Amazing Rolle takes focus off bad guys in sports
Posted: Tuesday, January 13, 2009 4:15 PM
As soon as I heard the story about Myron Rolle passing up the NFL for one year to pursue a Rhodes Scholarship, I swear I could hear a background chorus: “Why can’t more athletes be like Myron?”
You may just as well ask: "Why can’t everyone be like him?" In either case, the answer is simple: If everybody were like Rolle, he wouldn’t be special. He’d be just like everybody else and therefore as ordinary as grass on a prairie. Guys like him have to be rare. Otherwise, we wouldn’t appreciate him.

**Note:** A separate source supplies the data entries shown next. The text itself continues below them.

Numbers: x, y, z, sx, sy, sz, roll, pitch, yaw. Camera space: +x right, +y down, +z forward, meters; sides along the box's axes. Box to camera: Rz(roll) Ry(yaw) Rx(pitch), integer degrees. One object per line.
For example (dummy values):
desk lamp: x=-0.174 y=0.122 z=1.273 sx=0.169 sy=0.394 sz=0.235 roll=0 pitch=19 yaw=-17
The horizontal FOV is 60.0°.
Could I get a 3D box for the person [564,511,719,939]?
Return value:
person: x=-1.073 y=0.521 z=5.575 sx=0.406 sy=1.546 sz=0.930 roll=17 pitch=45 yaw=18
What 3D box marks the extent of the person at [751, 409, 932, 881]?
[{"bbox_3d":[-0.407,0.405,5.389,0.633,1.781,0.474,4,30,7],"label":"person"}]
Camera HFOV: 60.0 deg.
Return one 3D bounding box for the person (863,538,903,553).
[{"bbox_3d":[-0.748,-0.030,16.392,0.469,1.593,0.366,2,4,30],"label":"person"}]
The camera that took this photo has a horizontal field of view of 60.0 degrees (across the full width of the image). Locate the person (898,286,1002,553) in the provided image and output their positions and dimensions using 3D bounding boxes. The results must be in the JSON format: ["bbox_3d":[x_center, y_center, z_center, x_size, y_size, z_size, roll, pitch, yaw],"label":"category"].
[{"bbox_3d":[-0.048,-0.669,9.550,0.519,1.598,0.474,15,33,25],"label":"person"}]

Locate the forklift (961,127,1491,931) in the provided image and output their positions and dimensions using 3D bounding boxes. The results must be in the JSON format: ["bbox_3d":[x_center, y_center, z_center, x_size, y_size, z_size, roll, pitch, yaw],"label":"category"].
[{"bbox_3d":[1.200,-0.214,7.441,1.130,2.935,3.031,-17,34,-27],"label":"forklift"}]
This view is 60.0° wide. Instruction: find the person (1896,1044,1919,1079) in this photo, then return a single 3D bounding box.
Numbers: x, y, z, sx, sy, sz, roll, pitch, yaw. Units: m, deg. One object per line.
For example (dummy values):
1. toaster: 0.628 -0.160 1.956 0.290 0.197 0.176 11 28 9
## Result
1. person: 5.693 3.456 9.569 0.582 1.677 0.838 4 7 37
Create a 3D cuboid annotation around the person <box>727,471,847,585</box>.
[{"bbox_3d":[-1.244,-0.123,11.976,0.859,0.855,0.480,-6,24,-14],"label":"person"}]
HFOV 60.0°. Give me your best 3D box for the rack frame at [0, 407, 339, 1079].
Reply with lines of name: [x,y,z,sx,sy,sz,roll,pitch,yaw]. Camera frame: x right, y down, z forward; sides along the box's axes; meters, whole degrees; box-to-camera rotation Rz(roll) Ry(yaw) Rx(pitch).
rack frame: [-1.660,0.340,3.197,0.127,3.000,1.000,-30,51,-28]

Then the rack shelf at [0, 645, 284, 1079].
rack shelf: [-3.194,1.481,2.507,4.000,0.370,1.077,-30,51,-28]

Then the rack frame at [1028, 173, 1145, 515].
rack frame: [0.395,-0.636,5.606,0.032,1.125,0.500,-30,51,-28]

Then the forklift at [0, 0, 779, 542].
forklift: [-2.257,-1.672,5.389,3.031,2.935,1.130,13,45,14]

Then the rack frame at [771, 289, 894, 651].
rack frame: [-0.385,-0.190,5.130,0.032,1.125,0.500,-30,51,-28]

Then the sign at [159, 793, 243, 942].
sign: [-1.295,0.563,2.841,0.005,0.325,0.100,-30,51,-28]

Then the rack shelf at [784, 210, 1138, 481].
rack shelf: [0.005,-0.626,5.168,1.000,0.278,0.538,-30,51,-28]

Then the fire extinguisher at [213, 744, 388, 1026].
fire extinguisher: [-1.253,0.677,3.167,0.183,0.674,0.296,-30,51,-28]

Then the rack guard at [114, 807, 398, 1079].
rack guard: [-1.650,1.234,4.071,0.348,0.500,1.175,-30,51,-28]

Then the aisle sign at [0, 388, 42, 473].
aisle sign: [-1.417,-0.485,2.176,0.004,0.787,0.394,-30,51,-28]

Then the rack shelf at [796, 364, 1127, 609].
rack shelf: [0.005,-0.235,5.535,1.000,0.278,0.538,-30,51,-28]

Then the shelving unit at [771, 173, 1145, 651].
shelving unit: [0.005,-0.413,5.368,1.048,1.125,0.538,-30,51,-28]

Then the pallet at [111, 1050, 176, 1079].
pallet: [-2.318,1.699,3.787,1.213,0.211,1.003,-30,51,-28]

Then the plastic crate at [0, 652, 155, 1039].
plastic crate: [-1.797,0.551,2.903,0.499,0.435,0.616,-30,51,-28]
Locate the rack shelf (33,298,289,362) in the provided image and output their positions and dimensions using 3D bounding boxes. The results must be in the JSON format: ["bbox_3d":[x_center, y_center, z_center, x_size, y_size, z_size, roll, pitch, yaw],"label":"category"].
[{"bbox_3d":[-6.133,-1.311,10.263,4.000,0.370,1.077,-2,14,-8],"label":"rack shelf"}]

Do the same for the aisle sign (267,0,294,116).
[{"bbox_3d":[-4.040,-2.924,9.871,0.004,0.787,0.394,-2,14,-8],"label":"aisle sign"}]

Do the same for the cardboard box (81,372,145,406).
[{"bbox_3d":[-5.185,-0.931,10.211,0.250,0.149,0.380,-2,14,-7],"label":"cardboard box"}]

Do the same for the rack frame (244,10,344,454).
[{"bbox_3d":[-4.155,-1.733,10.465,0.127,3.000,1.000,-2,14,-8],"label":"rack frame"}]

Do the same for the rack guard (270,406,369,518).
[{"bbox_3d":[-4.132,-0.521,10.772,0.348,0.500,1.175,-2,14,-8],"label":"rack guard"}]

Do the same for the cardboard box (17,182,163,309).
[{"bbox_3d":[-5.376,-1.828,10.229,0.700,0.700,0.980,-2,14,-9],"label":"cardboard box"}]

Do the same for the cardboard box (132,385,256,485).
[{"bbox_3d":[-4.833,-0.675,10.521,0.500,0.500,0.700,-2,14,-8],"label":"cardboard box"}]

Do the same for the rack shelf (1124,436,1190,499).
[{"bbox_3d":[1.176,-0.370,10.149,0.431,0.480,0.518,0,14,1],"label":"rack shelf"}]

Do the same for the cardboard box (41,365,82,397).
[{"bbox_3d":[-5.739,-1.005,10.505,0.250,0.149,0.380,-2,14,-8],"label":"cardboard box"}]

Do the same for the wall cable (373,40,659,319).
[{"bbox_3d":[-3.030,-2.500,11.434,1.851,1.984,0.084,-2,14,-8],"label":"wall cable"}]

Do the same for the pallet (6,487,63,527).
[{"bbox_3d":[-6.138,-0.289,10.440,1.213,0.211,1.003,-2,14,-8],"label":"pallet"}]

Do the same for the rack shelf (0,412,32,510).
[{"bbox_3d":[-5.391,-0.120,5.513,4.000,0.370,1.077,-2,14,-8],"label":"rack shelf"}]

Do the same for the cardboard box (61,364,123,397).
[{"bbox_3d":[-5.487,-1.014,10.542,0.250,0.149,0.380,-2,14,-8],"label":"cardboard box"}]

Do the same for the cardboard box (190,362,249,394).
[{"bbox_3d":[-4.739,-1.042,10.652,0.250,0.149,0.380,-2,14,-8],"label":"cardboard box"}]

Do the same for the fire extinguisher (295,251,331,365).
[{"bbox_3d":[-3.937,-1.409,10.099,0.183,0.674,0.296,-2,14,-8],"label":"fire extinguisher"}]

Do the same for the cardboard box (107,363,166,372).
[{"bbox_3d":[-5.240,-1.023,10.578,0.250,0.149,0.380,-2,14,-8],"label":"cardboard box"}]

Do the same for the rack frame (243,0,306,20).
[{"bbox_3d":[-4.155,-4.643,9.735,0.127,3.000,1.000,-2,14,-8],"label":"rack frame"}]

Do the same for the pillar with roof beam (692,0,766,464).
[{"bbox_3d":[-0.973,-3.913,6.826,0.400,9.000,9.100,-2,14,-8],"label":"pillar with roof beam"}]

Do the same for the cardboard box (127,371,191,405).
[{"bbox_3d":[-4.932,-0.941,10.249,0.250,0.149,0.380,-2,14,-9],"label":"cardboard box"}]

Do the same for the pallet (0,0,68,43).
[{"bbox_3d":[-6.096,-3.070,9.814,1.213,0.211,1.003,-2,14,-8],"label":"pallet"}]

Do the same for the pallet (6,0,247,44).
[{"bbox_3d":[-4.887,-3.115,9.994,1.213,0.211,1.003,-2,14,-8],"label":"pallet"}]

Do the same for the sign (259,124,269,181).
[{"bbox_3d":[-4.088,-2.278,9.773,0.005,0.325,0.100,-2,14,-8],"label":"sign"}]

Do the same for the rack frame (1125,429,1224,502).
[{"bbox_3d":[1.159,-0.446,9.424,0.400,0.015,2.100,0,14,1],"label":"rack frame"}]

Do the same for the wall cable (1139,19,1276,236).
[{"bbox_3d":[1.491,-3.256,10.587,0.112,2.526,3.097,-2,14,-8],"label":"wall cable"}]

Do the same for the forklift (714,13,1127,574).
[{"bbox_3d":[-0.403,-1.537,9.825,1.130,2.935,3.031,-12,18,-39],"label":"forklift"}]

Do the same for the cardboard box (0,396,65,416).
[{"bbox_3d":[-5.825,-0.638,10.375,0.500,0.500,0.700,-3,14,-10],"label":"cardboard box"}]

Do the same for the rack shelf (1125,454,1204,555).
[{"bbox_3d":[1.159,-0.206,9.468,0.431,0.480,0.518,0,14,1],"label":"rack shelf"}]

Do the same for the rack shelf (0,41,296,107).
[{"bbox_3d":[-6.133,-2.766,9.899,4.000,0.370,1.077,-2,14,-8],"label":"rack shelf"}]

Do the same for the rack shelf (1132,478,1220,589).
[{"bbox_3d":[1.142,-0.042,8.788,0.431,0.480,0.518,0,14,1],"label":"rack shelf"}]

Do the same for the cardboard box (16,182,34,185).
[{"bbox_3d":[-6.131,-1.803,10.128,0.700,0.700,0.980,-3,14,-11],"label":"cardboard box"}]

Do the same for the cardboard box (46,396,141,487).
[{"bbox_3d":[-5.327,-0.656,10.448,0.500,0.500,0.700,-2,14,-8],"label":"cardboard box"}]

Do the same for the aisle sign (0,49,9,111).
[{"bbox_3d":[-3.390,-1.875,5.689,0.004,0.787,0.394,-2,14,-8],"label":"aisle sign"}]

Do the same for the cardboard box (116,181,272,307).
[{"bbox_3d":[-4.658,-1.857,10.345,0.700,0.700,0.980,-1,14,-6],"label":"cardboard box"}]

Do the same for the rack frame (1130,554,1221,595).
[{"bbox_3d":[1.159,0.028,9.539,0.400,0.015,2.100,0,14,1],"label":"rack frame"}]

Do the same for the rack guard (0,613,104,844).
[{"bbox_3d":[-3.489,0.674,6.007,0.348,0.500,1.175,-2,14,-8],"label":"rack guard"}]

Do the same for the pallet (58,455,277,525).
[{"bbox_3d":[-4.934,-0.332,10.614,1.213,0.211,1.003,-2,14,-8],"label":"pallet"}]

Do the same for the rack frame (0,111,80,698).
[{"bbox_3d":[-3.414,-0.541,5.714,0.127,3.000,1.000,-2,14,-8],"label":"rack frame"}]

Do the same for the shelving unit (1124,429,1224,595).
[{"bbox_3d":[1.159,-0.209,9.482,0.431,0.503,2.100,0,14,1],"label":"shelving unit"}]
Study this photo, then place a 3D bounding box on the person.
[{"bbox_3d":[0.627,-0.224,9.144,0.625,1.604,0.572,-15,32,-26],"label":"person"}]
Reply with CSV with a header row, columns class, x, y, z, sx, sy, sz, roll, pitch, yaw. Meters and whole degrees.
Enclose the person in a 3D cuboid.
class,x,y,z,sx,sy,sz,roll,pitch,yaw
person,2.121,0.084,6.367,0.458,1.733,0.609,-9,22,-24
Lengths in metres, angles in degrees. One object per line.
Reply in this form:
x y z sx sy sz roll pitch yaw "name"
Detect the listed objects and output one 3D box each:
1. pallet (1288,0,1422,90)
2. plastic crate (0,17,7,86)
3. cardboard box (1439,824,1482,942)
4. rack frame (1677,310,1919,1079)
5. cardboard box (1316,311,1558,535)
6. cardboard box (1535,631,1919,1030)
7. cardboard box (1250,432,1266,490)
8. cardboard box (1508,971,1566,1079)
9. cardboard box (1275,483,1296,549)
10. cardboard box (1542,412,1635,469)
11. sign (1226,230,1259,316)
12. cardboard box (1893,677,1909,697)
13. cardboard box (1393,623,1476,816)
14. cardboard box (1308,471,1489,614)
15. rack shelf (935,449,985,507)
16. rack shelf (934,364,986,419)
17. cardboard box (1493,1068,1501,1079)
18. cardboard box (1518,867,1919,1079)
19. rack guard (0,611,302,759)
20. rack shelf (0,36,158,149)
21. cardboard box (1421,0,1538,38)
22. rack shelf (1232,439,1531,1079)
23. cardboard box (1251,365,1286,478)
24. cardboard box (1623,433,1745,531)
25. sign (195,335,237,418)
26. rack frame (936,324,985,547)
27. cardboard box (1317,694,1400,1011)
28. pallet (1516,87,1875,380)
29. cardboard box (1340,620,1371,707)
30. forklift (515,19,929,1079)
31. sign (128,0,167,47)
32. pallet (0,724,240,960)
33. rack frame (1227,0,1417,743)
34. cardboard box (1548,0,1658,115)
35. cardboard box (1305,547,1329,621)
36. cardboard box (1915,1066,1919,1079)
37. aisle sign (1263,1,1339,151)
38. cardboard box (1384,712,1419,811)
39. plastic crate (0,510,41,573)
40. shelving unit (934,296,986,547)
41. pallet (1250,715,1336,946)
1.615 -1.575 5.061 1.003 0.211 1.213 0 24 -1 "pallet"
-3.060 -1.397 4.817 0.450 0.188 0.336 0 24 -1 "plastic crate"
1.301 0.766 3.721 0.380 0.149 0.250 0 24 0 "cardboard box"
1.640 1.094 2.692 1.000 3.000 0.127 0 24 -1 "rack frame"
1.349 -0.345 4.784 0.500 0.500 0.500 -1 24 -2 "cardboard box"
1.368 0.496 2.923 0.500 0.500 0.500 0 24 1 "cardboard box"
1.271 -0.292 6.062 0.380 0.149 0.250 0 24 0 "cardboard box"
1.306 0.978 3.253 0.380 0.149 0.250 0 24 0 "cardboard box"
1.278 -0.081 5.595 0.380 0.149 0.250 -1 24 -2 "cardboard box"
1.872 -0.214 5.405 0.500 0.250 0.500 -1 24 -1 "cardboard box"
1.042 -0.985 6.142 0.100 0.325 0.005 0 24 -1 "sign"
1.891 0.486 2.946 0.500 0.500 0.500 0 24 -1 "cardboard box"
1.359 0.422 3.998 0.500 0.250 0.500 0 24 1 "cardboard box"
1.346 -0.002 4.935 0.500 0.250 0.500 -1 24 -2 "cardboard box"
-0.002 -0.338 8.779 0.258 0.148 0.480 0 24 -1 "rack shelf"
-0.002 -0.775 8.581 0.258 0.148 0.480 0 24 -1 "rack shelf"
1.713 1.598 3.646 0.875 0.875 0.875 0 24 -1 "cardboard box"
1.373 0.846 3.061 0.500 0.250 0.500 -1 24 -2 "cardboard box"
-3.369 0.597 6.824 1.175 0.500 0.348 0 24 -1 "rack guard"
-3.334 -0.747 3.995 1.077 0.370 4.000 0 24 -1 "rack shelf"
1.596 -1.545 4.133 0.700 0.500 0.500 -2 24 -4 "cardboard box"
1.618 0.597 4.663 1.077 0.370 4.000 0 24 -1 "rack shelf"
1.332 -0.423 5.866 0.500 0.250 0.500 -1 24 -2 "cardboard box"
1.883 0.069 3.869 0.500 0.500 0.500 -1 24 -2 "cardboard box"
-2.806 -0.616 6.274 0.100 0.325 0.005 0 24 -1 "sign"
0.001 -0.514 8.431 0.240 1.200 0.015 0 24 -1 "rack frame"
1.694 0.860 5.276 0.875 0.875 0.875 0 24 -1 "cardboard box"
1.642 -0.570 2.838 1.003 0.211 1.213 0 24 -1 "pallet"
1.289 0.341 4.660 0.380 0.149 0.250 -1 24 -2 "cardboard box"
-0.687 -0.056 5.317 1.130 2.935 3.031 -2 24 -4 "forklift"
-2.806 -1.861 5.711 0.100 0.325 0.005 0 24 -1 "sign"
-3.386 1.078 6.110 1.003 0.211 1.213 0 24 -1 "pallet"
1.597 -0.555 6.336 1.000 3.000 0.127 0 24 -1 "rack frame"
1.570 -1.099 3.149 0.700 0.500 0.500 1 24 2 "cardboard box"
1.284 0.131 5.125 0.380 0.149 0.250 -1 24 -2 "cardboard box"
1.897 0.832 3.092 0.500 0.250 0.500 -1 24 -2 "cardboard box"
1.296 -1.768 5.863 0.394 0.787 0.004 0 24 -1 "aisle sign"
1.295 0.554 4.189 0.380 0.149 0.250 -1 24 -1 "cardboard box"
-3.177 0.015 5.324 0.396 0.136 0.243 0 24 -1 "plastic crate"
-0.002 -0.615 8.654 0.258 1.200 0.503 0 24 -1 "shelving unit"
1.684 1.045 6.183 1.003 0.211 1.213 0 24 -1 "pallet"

And let’s do just that. Let’s celebrate Myron Rolle, who graduated in pre-med at Florida State in 2½ years while playing football at the highest possible level. He had a choice of going into the NFL draft this year or to Oxford University. He made the only decision one would expect of such an extraordinary person. He passed up the money for a year and picked Oxford.
What I appreciate most about Rolle is that he’s jerked our focus off the bad guys in sports.
Let’s face it. We’re obsessed by bad behavior. We lap it up in the tabloids, talk about it with our friends and take perverse delight in concluding that sports are populated by criminals, philanderers, cheaters, drunks, druggies, sex addicts and bad tippers.
They’re rich. They’re spoiled. They have a sense of entitlement. They think they’re above the law. They’re disgusting, evil, semi-literate, self-absorbed, rotten, disgusting human beings.
Well, it’s now obvious that at least one person isn’t any of those things. And if you pull your head out of the gutter for a moment, you’d realize that the irretrievably depraved among our athletic heroes are about as rare as Rolle on the other end of the spectrum.
And if you’d take another moment, you should accept that most athletes are like most of any group. They’re average folks – decent, hard-working, reasonably polite. You don’t read about those people very often because they’re so common. You wouldn’t expect the local newspaper to run a front-page story on your neighbor down the street who goes to work every day, loves his wife and kids, belongs to a club or two, and never gets arrested. You don’t read those stories about athletes, either.
“News” is by definition that which is new or different or out of the ordinary. In sports, that’s the people who get in fights, shoot themselves in the leg, have kennels of fighting dogs – you know who they are. They’re the ones we read about not because they’re the rule in sports, but because they’re the exceptions.
Most people I’ve met in locker rooms are good people. They may have a slightly bigger ego than most of us – but they have a right to that. But on the whole, you wouldn’t mind having any of them as a neighbor.
We should all know that intuitively, but we keep saying that all athletes are rotten when the truth is that only a few of them meet that description. Even some of those we love to revile – think Terrell Owens here – have never gotten into trouble with the law and haven’t done anything that would label them as bad guys in the real world.
I wouldn’t have spent 25 years covering sports if I didn’t like the people I was writing about. I’d have to be even crazier than some people think I am – and that’s lock-him-up-in-a-padded-room crazy – to have spent so many years hanging around disgusting people. You wouldn’t watch sports if the athletes were all as bad as you say they are. You can’t get enjoyment out of watching people you hate. If you do, you’re the crazy one, not me.
Rolle is the best of the best. He’s a great football player, a better scholar, and from all reports a terrific human being who doesn’t push his beliefs or agendas on anyone. His long-term goal is to open a medical clinic in the Bahamas. I’ve no doubt he’ll do that.
Appreciate this rare human being who comes along so rarely. He’s the best of the good guys, but he’s hardly the only good guy in sports. My experience is the good guys vastly outnumber the really bad ones. They’re common – and anonymous. Just don’t let them be forgotten.